Alien Resident & Collection Agencies

Discussion in 'Credit Talk' started by kevin17, Dec 13, 2011.

  1. jam237

    jam237 Well-Known Member

    If I am going to tell them that they violated, I will attach a draft of the suit with the letter. There are times that it is beneficial to be knowledgeable, and there are times that it is beneficial to play dumb. :)

    Unfortunately, there may be no legal basis for the documentation that they PURCHASED the account, there have been many long discussions on here about whether there is or there isn't. The only one that I could see is if there is a clouded chain of custody of the account, where at any time, there appears to have been at least two companies each claiming possession of the account, and the documentation of assignment and purchase would provide clarity as to who owned the account on any particular point in time.

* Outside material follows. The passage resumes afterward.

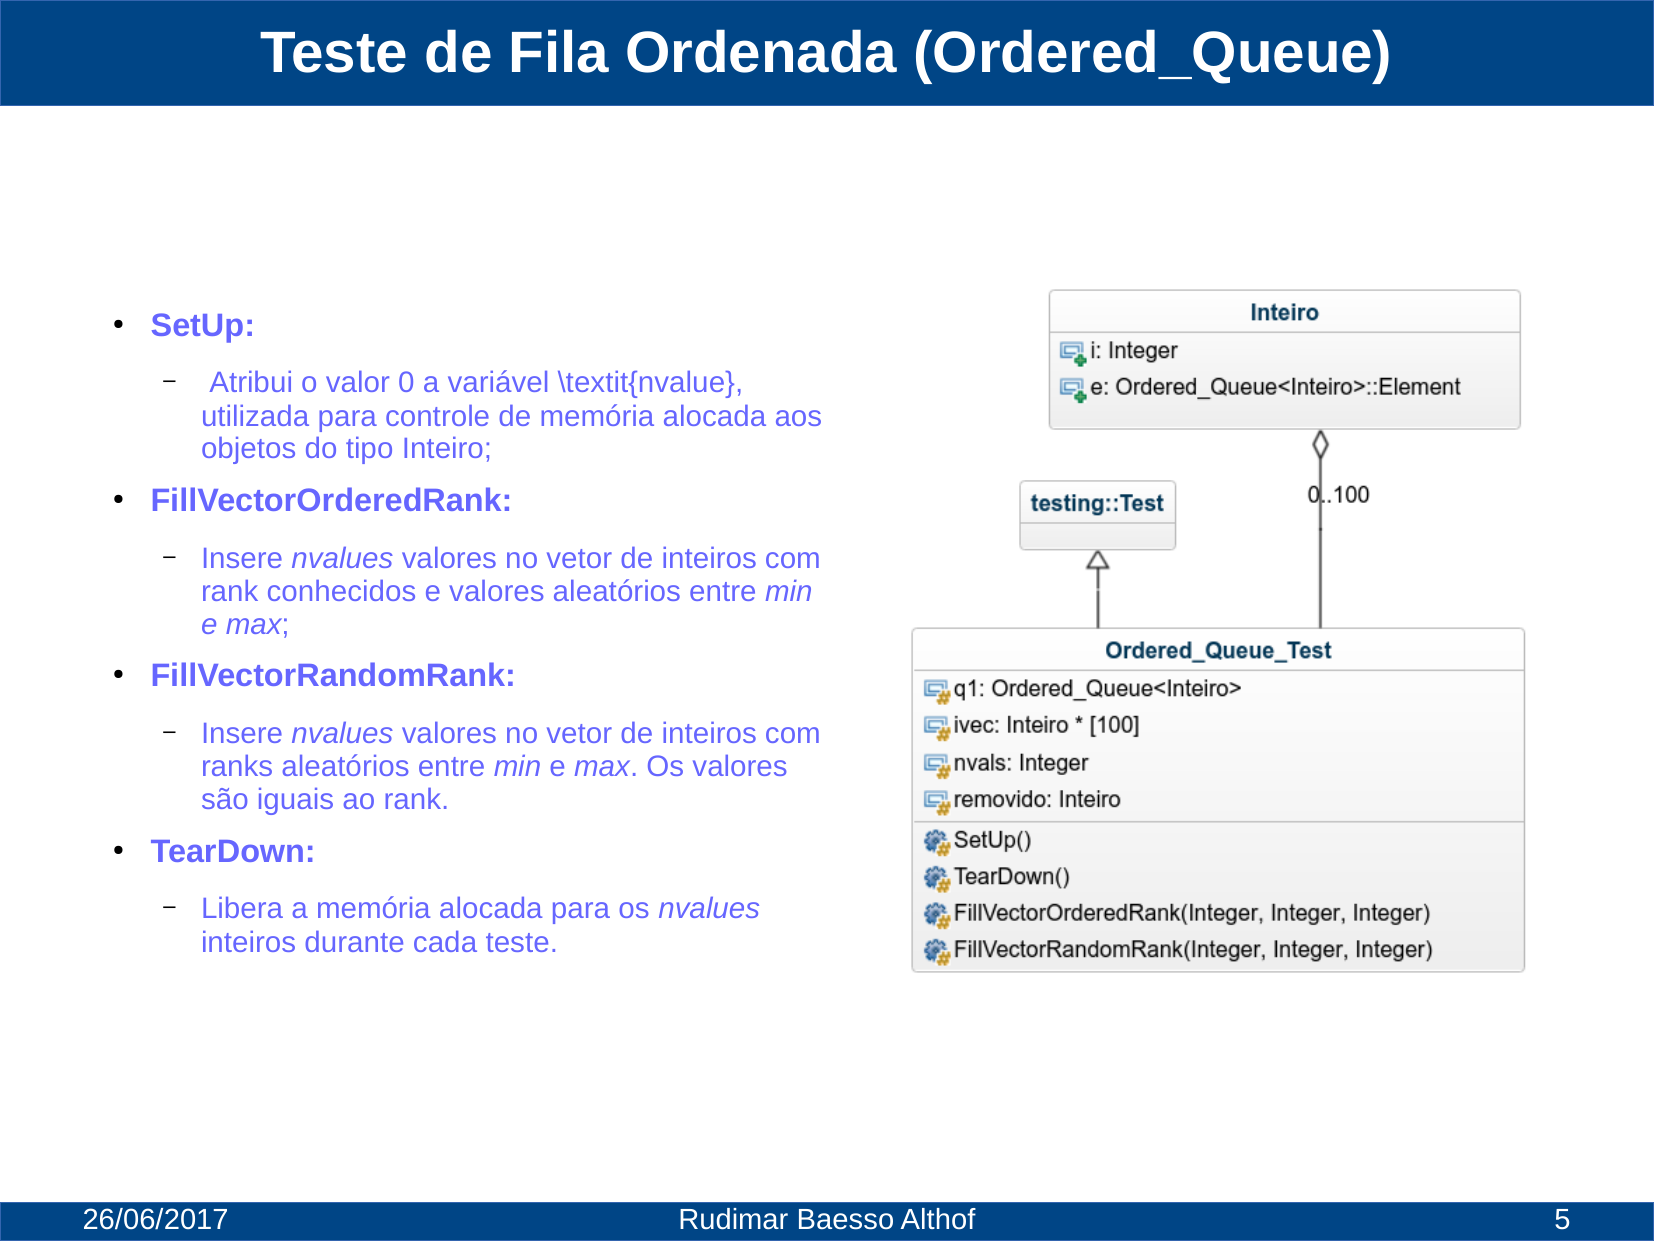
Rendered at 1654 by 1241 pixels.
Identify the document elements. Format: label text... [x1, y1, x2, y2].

    The Wollman opinion provides the direction that they must OBTAIN from the OC, and PROVIDE to the CONSUMER documentation to validate the debt.

    I have sent a copy of the Wollman opinion, with a few key lines highlighted. You'd want to do this with the actual copy from the FTC web site.

     
  2. kevin17

    kevin17 Member

    Thanks for the info,

    I looked that up. That's exactly what this CA has done. Instead of providing me any verification of debt from the OC, they just sent me a letter, printed on their computer based on the info provided by previous creditor to them. I'll DV them again for a proper verification of debt as required by the law.

    Is there a way I can request the CRA's the method they used to verify the collection accounts with CA's?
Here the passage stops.